A tribute to a vanished world, Wiman's prize-winning first book consists of a long narrative and 12 short poems about rites of passage of a large "shadowed family" of sharecroppers in north Texas. Josie, Wiman's narrator, describes how three generations of her "day-laboring" family face up to nature and death in "the wide/ wind riffled whiteness someone farmed." Behind the narrator's (and Wiman's?) act of remembrance ("lives like smoke unspooling from a candle's/ Flame") is the ongoing moral development of character. Unachieved needs for nourishment deepen into a quest for quality of life. Rural Texas is presented realistically ("broken hoe, heel-bolts and clevises"), and often Josie's plain speech grows poetic: "I turned, dream-fingers linked with mine to lead/ Me home, the way I'd taken like a seam/ Laid out between the unsown fields of darkness." Although this sophisticated vision is at odds with gritty henhouse and warped floorboard, still one comprehends that "Home/ is momentary, a way/ of seeing." Wiman's empathetic story of belonging, endurance, and memory is a delight.--Frank Allen, Northampton Community Coll., Tannersville, PA
Winner of this year's Roerich Prize, Wiman's austere volume derives its plain aesthetic from the landscape in which it dwells: the west Texas where his family settled in the early part of the century, a terrain as spare and still as the calm centers of Wiman's tight and meditative poems. Though very much a family historian, Wiman's "he" remains smartly impersonal as he tries to recover a fading past of a woman who communed with storms ("Revenant"), another who's losing her hearing ("Hearing Loss"), and a dying fisherman solaced with his friends' fish tales ("Fisherman"). The thoughtful narratives here work toward their hardscrabble insights: a half-standing house in a clearing leads him to think "a nun could suddenly want his life' ("Clearing"); his father's profound aphorisms resonate in "What I Know," and he understands impermanence, and his presence as "only a passing/havoc" in "Elsewhere." The long narrative poem of the title chronicles a family's history as it settles western Texas in the early '20s-how they eked a living from the unyielding earth, first sharecropping, then owning their own farm through drought and depression. Biblical in tone, Wiman's tale of ordinary madness, fire and death, and loss ends amidst the rubble of the farmhouse, in the ever-present stillness of empty space.
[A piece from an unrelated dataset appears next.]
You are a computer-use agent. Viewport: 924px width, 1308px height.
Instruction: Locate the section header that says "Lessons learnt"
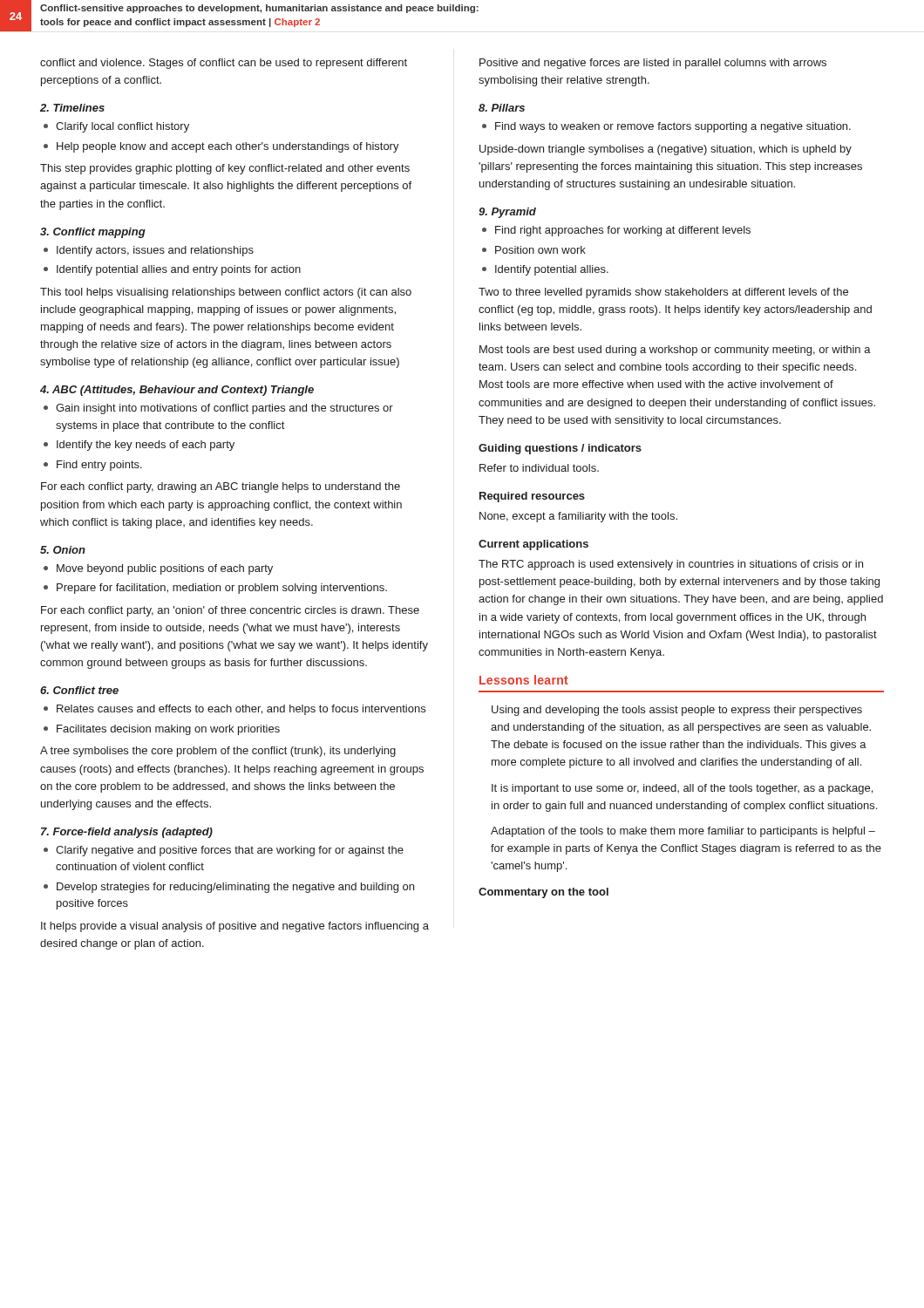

Wiman finds God in this past, in lines that are like the rain in "Lakeview Cemetery": clean and elliptical. The debut of a poet we will reckon with over time. .
Christian Wiman was born and raised in west Texas. His poetry and criticism appears widely in magazines, including The Atlantic Monthly, Harper's, and Slate. His first book won the Nicholas Roerich Prize, and he has won the Ruth Lilly and Wallace Stegner Fellowships. He lives in Chicago, where he is the editor of Poetry magazine.